On Mar 19, 2013, at 11:05 PM, Harsh J <[EMAIL PROTECTED]> wrote:

> If your balancer does not exit, then it means its heavily working in
> iterations trying to balance your cluster. The default bandwidth
> allows only for limited transfer speed (10 Mbps) to not affect the
> cluster's RW performance while moving blocks between DNs for
> balancing, so the operation may be slow unless you raise the allowed
> bandwidth.
>
> On Wed, Mar 20, 2013 at 7:37 AM, Tapas Sarangi <[EMAIL PROTECTED]> wrote:
>> Any more follow ups ?
>>
>> Thanks
>> -Tapas
>>
>> On Mar 19, 2013, at 9:55 AM, Tapas Sarangi <[EMAIL PROTECTED]> wrote:
>>
>>>
>>> On Mar 18, 2013, at 11:50 PM, Harsh J <[EMAIL PROTECTED]> wrote:
>>>
>>>> What do you mean that the balancer is always active?
>>>
>>> meaning, the same process is active for a long time.
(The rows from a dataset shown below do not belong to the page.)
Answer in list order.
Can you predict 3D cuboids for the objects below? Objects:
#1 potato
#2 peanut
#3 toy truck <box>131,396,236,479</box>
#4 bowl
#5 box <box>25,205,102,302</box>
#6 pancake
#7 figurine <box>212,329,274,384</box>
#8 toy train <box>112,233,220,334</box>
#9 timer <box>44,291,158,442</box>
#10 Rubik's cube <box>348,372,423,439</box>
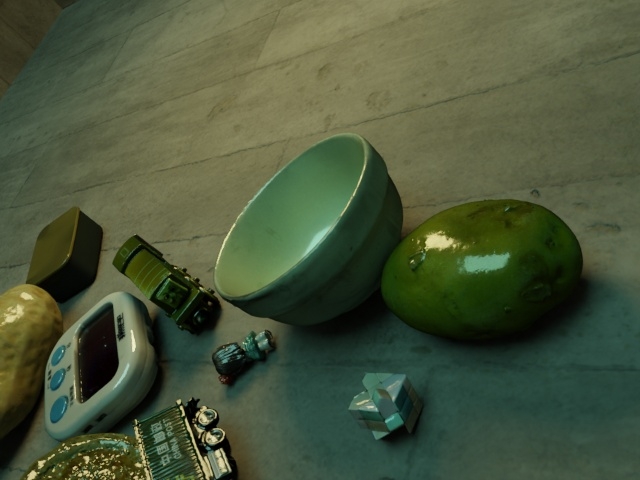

The process that starts may not be exiting at all. We have a cron job set to run it every 10 minutes, but that's not in effect because the process may never exit.
>>>
>>>
>>>> It is to be used
>>>> as a tool and it exits once it balances in a specific run (loops until
>>>> it does, but always exits at end). The balancer does balance based on
>>>> usage percentage so that is what you're probably looking for/missing.
>>>>
>>>
>>> May be. How does the balancer look for the usage percentage ?
>>>
>>> -Tapas
>>>
>>>
>>>> On Tue, Mar 19, 2013 at 6:56 AM, Tapas Sarangi <[EMAIL PROTECTED]> wrote:
>>>>> Hi,
>>>>>
>>>>> On Mar 18, 2013, at 8:21 PM, 李洪忠 <[EMAIL PROTECTED]> wrote:
>>>>>
>>>>> Maybe you need to modify the rackware script to make the rack balance, ie,
>>>>> all the racks are the same size,  on rack by 6 small nodes, one rack by 1
>>>>> large nodes.
>>>>> P.S.
>>>>> you need to reboot the cluster for rackware script modify.
>>>>>
>>>>>
>>>>> Like I mentioned earlier in my reply to Bertrand, we haven't considered rack
>>>>> awareness for the cluster, currently it is considered as just one rack. Can
>>>>> that be the problem ? I don't know…
>>>>>
>>>>> -Tapas
>>>>>
>>>>>
>>>>>
>>>>> 于 2013/3/19 7:17, Bertrand Dechoux 写道:
>>>>>
>>>>> And by active, it means that it does actually stops by itself? Else it might
>>>>> mean that the throttling/limit might be an issue with regard to the data
>>>>> volume or velocity.
>>>>>
>>>>> What threshold is used?
>>>>>
>>>>> About the small and big datanodes, how are they distributed with regards to
>>>>> racks?
>>>>> About files, how is used the replication factor(s) and block size(s)?
>>>>>
>>>>> Surely trivial questions again.
>>>>>
>>>>> Bertrand
>>>>>
>>>>> On Mon, Mar 18, 2013 at 10:46 PM, Tapas Sarangi <[EMAIL PROTECTED]>
>>>>> wrote:
>>>>>>
>>>>>> Hi,
>>>>>>
>>>>>> Sorry about that, had it written, but thought it was obvious.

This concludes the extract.